Thursday, February 4, 2010

Meal Planning Epiphany

One of my goals since the first of the year has been to plan meals for the week over the weekend and shop accordingly. I have this extra large sticky memo pad with a weekly calendar on it that I write my planned meals on and stick it on the fridge. Hi tech.

Last weekend I didn't plan out my meals. It's not the first time I haven't done this when I said I would. But it is the first time this year with my rekindled enthusiasm and focus and time back in the gym working with Trainer Ray and Hubby.

At the beginning of the week I felt the usual self pity and self hatred and annoyance for not planning. I managed to eat my typical lunches and did OK on dinners. .  but I threw in a few random and a tad over-the-top snacks (like I'd make a smoothie--an ok snack--but I'd toss in just a bit of coconut and just a few peanuts and a healthy, unmeasured pour of chocolate malt--to turn it into a not OK snack.)

Then yesterday--Wednesday--it finally hit me. Moving through the week without a meal plan is like me trying to find my way around without my GPS. You may not know this about me, but I am hopeless when it comes to having a natural sense of direction. I just get more and more lost and more and more panicked. I recently got lost--with my GPS on. I knew it was taking me the wrong way because I was heading away from town. But I also knew that eventually it would correct itself and turn me around. I called into work saying I was running late from my appointment. And I said to a colleague, "Do you know the difference between me getting lost with a GPS versus me getting lost without a GPS?"

"What?" she said.

And I said, "With a GPS, I'm not crying."
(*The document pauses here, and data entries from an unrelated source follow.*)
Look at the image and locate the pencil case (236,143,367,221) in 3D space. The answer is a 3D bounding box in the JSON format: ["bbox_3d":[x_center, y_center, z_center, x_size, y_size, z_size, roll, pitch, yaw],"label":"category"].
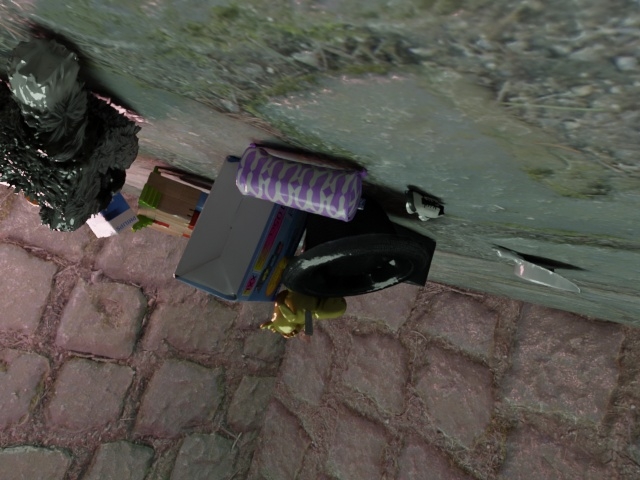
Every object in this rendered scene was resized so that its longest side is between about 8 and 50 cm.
[{"bbox_3d":[-0.031,-0.093,0.755,0.206,0.088,0.086,14,178,12],"label":"pencil case"}]

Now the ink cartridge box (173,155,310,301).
[{"bbox_3d":[-0.147,-0.003,1.101,0.151,0.270,0.395,23,177,8],"label":"ink cartridge box"}]

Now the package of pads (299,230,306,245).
[{"bbox_3d":[0.000,0.000,1.714,0.296,0.101,0.229,19,175,-42],"label":"package of pads"}]

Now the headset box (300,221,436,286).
[{"bbox_3d":[0.135,0.020,1.287,0.246,0.131,0.283,20,174,-36],"label":"headset box"}]

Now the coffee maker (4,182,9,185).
[{"bbox_3d":[-0.673,-0.204,1.082,0.120,0.178,0.171,18,175,-12],"label":"coffee maker"}]

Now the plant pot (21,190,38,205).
[{"bbox_3d":[-0.762,-0.206,1.421,0.205,0.205,0.188,13,-169,30],"label":"plant pot"}]

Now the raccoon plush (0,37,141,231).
[{"bbox_3d":[-0.463,-0.214,0.728,0.299,0.216,0.446,30,145,-4],"label":"raccoon plush"}]

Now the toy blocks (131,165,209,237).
[{"bbox_3d":[-0.408,-0.080,1.435,0.261,0.191,0.381,20,164,-18],"label":"toy blocks"}]

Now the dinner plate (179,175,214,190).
[{"bbox_3d":[-0.349,-0.169,1.408,0.141,0.017,0.141,16,175,1],"label":"dinner plate"}]

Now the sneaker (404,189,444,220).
[{"bbox_3d":[0.174,-0.062,0.791,0.043,0.040,0.109,-7,167,33],"label":"sneaker"}]

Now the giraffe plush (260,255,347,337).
[{"bbox_3d":[-0.052,0.161,1.139,0.181,0.210,0.170,30,140,-13],"label":"giraffe plush"}]

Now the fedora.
[{"bbox_3d":[0.064,0.007,0.969,0.334,0.152,0.334,-8,160,-3],"label":"fedora"}]

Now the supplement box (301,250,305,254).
[{"bbox_3d":[-0.022,0.072,1.208,0.083,0.083,0.056,43,-163,-12],"label":"supplement box"}]

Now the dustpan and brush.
[{"bbox_3d":[0.484,0.059,1.102,0.211,0.060,0.147,11,-170,-14],"label":"dustpan and brush"}]

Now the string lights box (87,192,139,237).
[{"bbox_3d":[-0.616,-0.136,1.263,0.133,0.077,0.260,-5,121,42],"label":"string lights box"}]
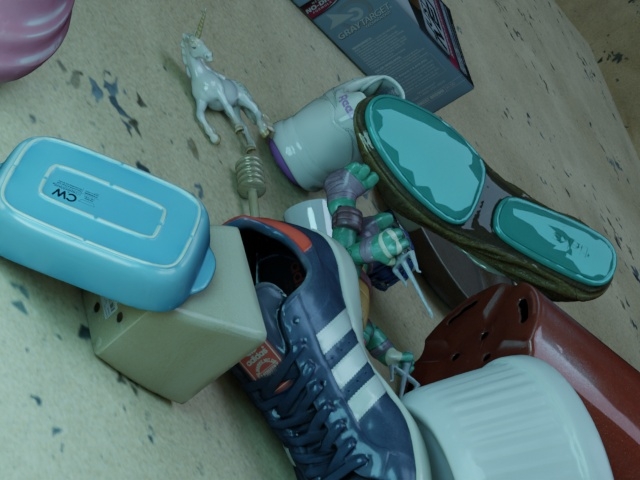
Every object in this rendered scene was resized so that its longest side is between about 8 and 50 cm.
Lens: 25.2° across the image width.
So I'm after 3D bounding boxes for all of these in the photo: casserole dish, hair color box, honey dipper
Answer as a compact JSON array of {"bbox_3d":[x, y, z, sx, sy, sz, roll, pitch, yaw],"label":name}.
[{"bbox_3d":[-0.162,-0.018,1.048,0.188,0.037,0.114,22,46,-3],"label":"casserole dish"},{"bbox_3d":[0.069,-0.355,2.074,0.374,0.114,0.185,39,29,-43],"label":"hair color box"},{"bbox_3d":[-0.064,-0.017,1.431,0.030,0.030,0.160,39,31,-43],"label":"honey dipper"}]

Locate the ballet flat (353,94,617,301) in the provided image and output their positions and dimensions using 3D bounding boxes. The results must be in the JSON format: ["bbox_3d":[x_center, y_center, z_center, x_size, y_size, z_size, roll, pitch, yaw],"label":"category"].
[{"bbox_3d":[0.161,-0.030,1.560,0.342,0.124,0.116,30,61,-11],"label":"ballet flat"}]

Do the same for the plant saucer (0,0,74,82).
[{"bbox_3d":[-0.304,-0.279,1.097,0.332,0.084,0.332,41,30,-30],"label":"plant saucer"}]

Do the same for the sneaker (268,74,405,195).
[{"bbox_3d":[0.055,-0.126,1.678,0.114,0.152,0.305,59,19,3],"label":"sneaker"}]

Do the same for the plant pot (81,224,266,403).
[{"bbox_3d":[-0.122,0.049,1.107,0.096,0.109,0.109,18,44,-43],"label":"plant pot"}]

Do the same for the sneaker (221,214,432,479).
[{"bbox_3d":[-0.020,0.123,1.227,0.148,0.131,0.350,26,32,-45],"label":"sneaker"}]

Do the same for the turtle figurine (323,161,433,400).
[{"bbox_3d":[0.041,0.046,1.392,0.175,0.118,0.234,92,-4,-47],"label":"turtle figurine"}]

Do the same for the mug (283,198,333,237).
[{"bbox_3d":[0.001,-0.002,1.519,0.078,0.062,0.064,18,54,-52],"label":"mug"}]

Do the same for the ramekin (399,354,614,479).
[{"bbox_3d":[0.144,0.241,1.266,0.273,0.127,0.272,174,-90,-71],"label":"ramekin"}]

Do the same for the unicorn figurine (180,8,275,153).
[{"bbox_3d":[-0.104,-0.154,1.495,0.111,0.060,0.162,66,5,17],"label":"unicorn figurine"}]

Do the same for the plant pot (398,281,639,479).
[{"bbox_3d":[0.243,0.200,1.554,0.265,0.272,0.272,43,25,-20],"label":"plant pot"}]

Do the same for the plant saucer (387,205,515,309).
[{"bbox_3d":[0.169,-0.011,1.934,0.310,0.050,0.310,48,23,-28],"label":"plant saucer"}]

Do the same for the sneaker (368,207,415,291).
[{"bbox_3d":[0.071,0.015,1.620,0.081,0.080,0.211,61,18,-1],"label":"sneaker"}]

And so it goes with a meal plan, my map for the week. I feel uncomfortable many times with my size and my eating desires and habits. I feel this discomfort sometimes even when I am trying very hard to eat the healthy way. But a meal plan puts me on track. It's the difference between whirling around corners anchored to the rails of a roller coaster and whirling around the corner in an out-of-control car. In both cases, you might have the same physical reaction--a quick sense of heat, the rise of hair on your arms and neck, an involuntary squeal--but in one instance you feel out of control and in danger, unsure of what will happen next--and fast. And in the other case, you are safely tethered; you know you will follow the rails around the next corner and up and down the upcoming hills, feeling your stomach lurch and the angst rise--and just when you feel afraid, you remind yourself that you're on a track, so you can just relax through the sensations and thrill and experience the ride.

And that is how my meal plan works for me. When I feel out of control or angst ridden, unsure of myself, I can look to my meal plan--the steady path that will lead me to a calm end of the week. So I can exit it delighted, sure footed, and anxious to race to the beginning all over again.

Creating my meal plan isn't a chore, it's a gift, functioning like a safety net, a set of dance steps on the ground, a sheet of music, allowing me to progress gracefully without too many misteps or dischords until I am skilled enough to solo, and finally to improvise.


  1. The GPS is a godsend for those of us who are directionally challenged. And they're worth their weight in gold when you're traveling.

    I'm with you; planning is a big part of my success story. I've packed my car and office with healthy snacks and emergency meals, and work hard to keep myself out of situations where I know I'll fail miserably.

    Sometimes real change comes slowly. Stick with it!

  2. I was going to say "what an epiphany", then I realized that was very similar to your title. This is a great way of looking at it.

    Oh, and for the record, I couldn't find my way out of my house without a GPS. They are a real godsend for me.

  3. I love the analogy to a GPS. I'm actually like a homing pigeon when it comes to having a God-given sense of direction. But not so with the food. Like you, if I do some prep over the weekends, I then have a roadmap for the week, esp. for bringing my lunches to work each day.

    Without a plan, I'm on a collision course with self will and unexpected emotionally triggered food moments. Thanks for reminding me of this.

  4. I am hopeless with my internal sense of direction too. Ron laughs at me all the time. I so easily get turned around.

    Planning is very important to me as well. I can't succeed without it. I have to have everything mapped out or I tend to go off plan more than I want to.

  5. Meal plans are huge! They eliminate so much thinking I would have to do each day about what to eat.